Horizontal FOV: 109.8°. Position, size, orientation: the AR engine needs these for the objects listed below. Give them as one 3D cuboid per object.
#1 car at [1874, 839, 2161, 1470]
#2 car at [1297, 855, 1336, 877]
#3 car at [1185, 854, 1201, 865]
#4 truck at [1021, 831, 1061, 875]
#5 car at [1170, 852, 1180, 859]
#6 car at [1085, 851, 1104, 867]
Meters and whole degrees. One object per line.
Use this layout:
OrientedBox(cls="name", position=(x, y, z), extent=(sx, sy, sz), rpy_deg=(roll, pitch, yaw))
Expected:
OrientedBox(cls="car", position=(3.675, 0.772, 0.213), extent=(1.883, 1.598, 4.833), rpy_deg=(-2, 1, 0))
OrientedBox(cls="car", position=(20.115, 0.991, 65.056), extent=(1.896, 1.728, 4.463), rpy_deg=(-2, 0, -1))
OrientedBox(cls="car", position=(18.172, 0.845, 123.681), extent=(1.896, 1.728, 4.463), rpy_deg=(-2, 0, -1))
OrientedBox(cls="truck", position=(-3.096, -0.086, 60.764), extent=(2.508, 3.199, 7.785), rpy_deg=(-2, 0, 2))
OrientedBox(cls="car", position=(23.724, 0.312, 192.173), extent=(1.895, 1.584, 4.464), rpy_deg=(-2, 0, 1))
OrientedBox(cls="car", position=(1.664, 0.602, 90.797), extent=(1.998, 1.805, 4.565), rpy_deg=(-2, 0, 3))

| TASK DIRECTIONS |
Go through the listing above and write out exactly the lines starting with the one holding "#6 car at [1085, 851, 1104, 867]" and running through the one holding "rpy_deg=(roll, pitch, yaw))", ends included, and no others.

| WRITTEN SOLUTION |
#6 car at [1085, 851, 1104, 867]
Meters and whole degrees. One object per line.
Use this layout:
OrientedBox(cls="name", position=(x, y, z), extent=(sx, sy, sz), rpy_deg=(roll, pitch, yaw))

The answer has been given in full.